Rachel E. Zettl, Lindsay E. Page, Saira Bhatti, Karen Duong, Tulsie Patel, John R. Dykema, Meagan Whitney, Emine R. Ayvaci, Carol S. North, Jeffrey Sonis

Research output: Contribution to journalArticlepeer-review

1 Scopus citations

Abstract

This study investigated gaps in existing knowledge on justice, desire for revenge, and associated factors in disaster research through data collected nearly three years post disaster on justice and revenge from survivors of the September 11, 2001 (9/11) attacks. A volunteer sample of 379 employees of eight affected businesses completed interviews and self-report questionnaires.
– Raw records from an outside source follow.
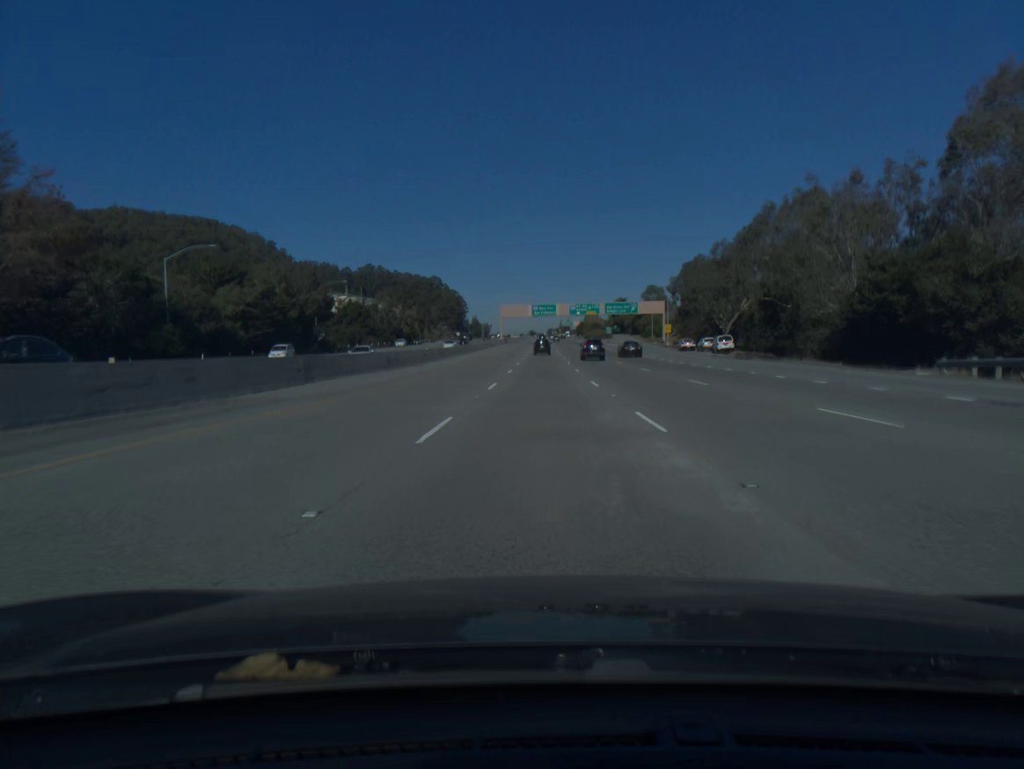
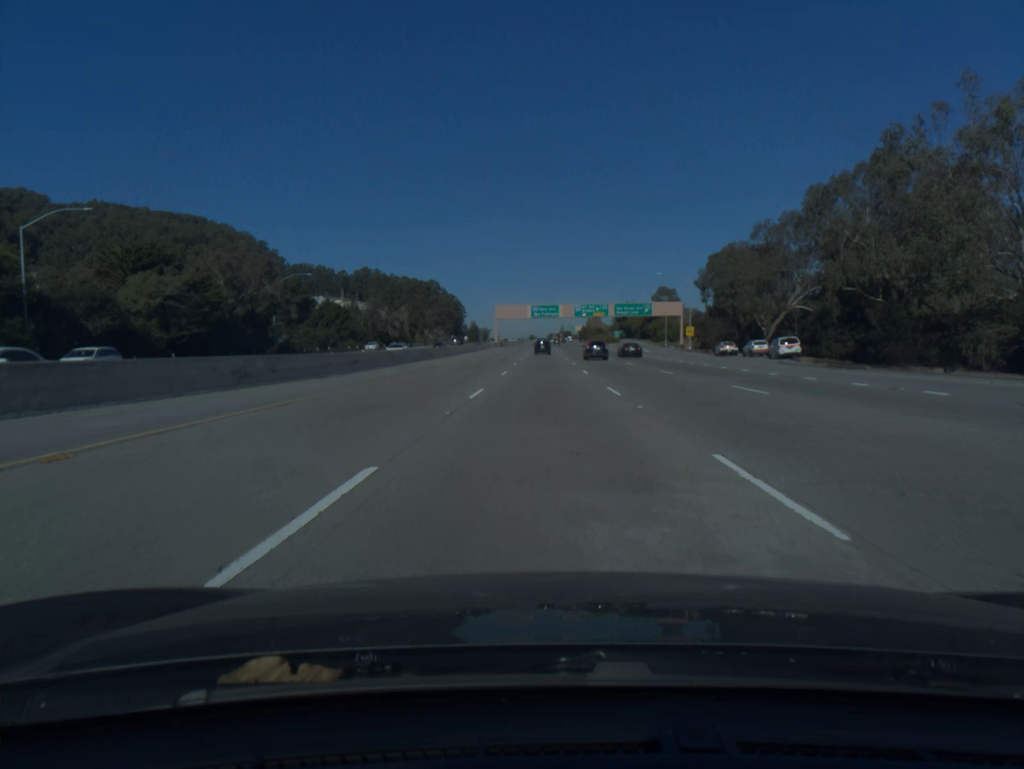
(0.0, +21.6) m; 0°
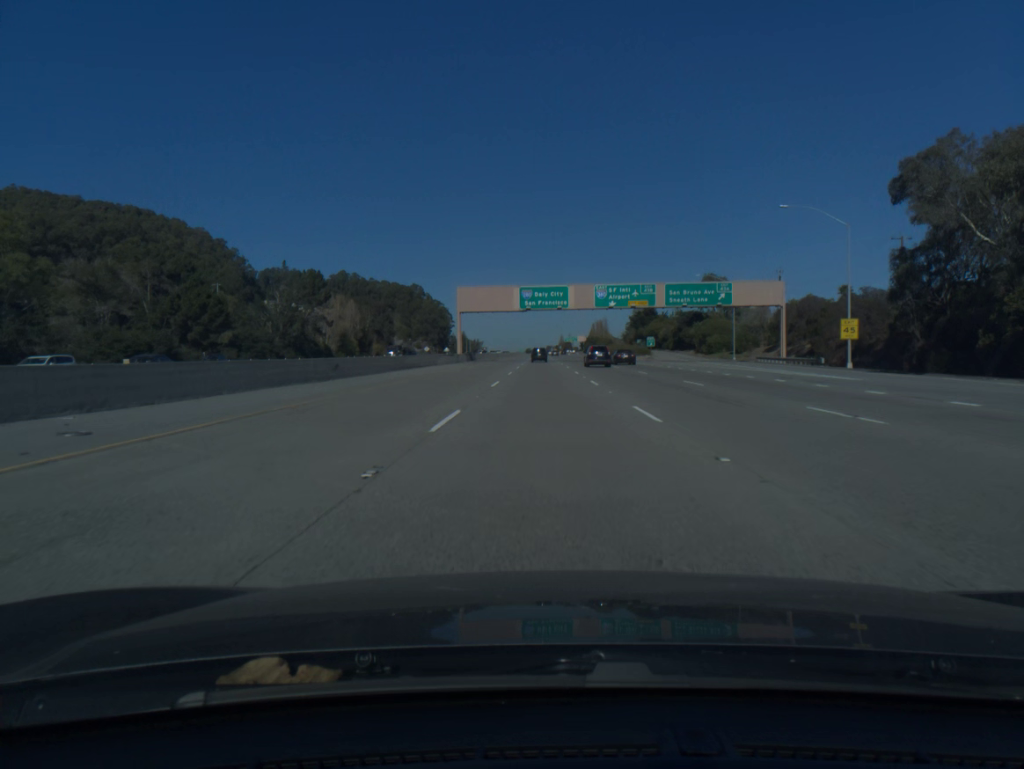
(+0.1, +64.8) m; 0°
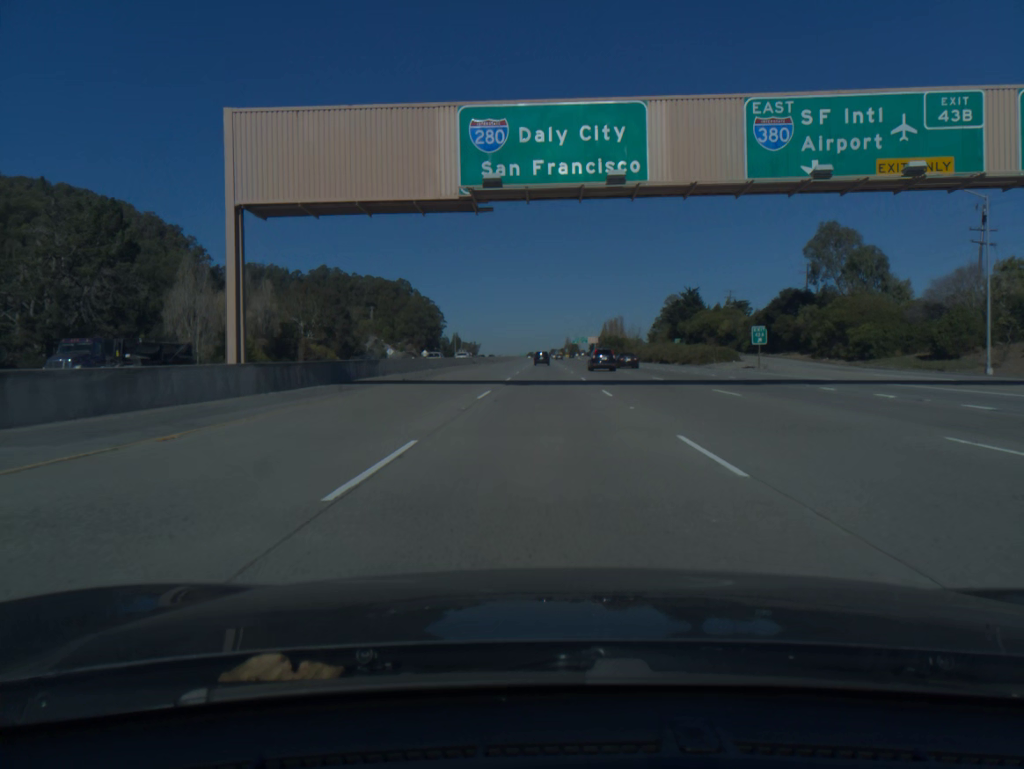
(0.0, +64.2) m; 0°
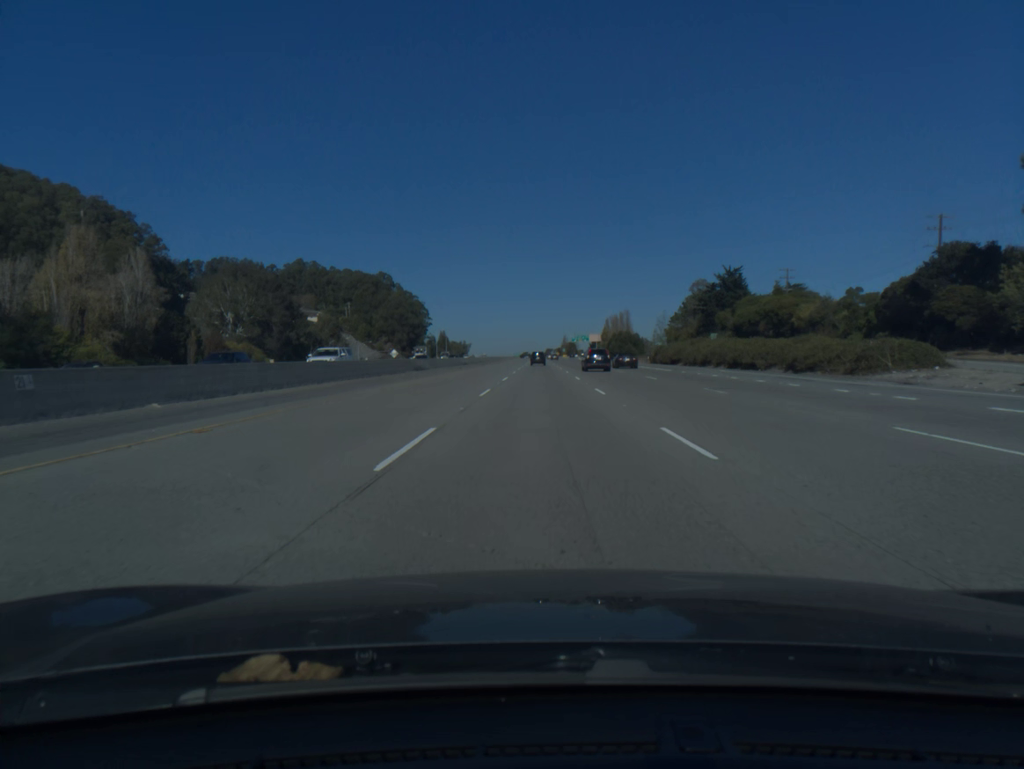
(+0.1, +42.4) m; 0°
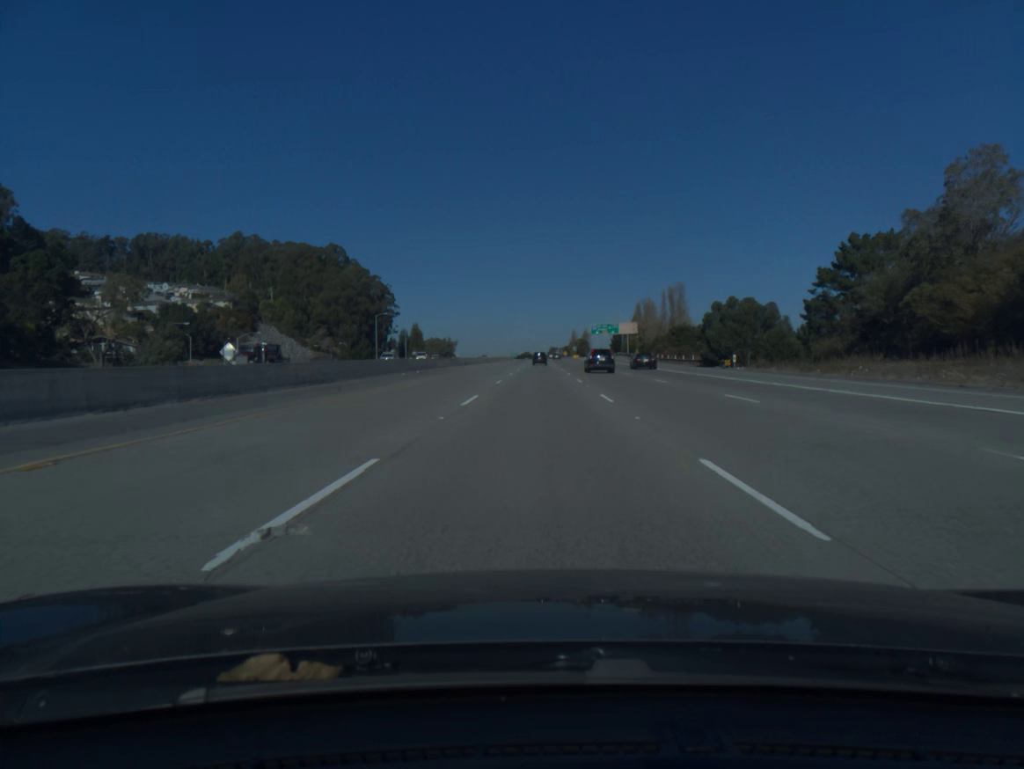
(-0.2, +105.7) m; 0°
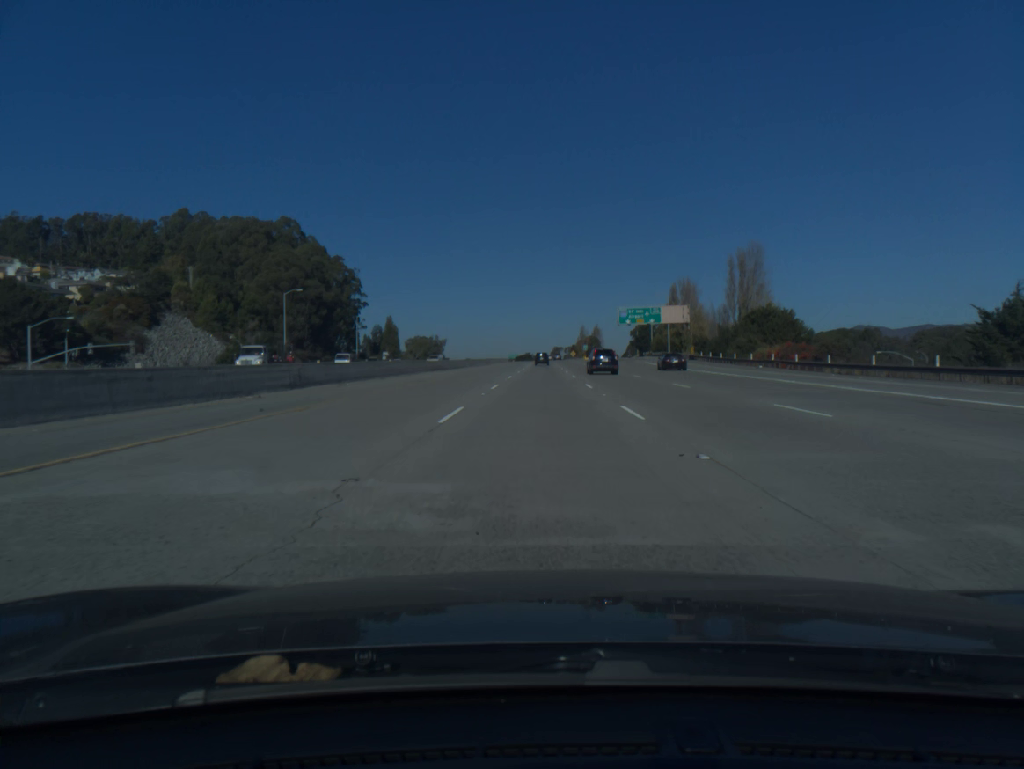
(-0.1, +63.8) m; 0°

Individual ratings on satisfaction with justice and desire for revenge were compared with demographic characteristics, disaster-related experience, posttraumatic stress disorder (PTSD), disaster-related distress, anger, and concerns about danger and safety. High levels of desire for revenge and relatively low levels of satisfaction with accountability for perpetrators of the 9/11 attacks were endorsed. Most of the associations between the justice scores and the revenge score with the disaster response variables were directionally consistent. Dissatisfaction with perpetrator accountability was associated with greater desire for revenge. Both of these variables were associated with greater concerns about danger and endorsement of security regulations at the expense of personal freedoms.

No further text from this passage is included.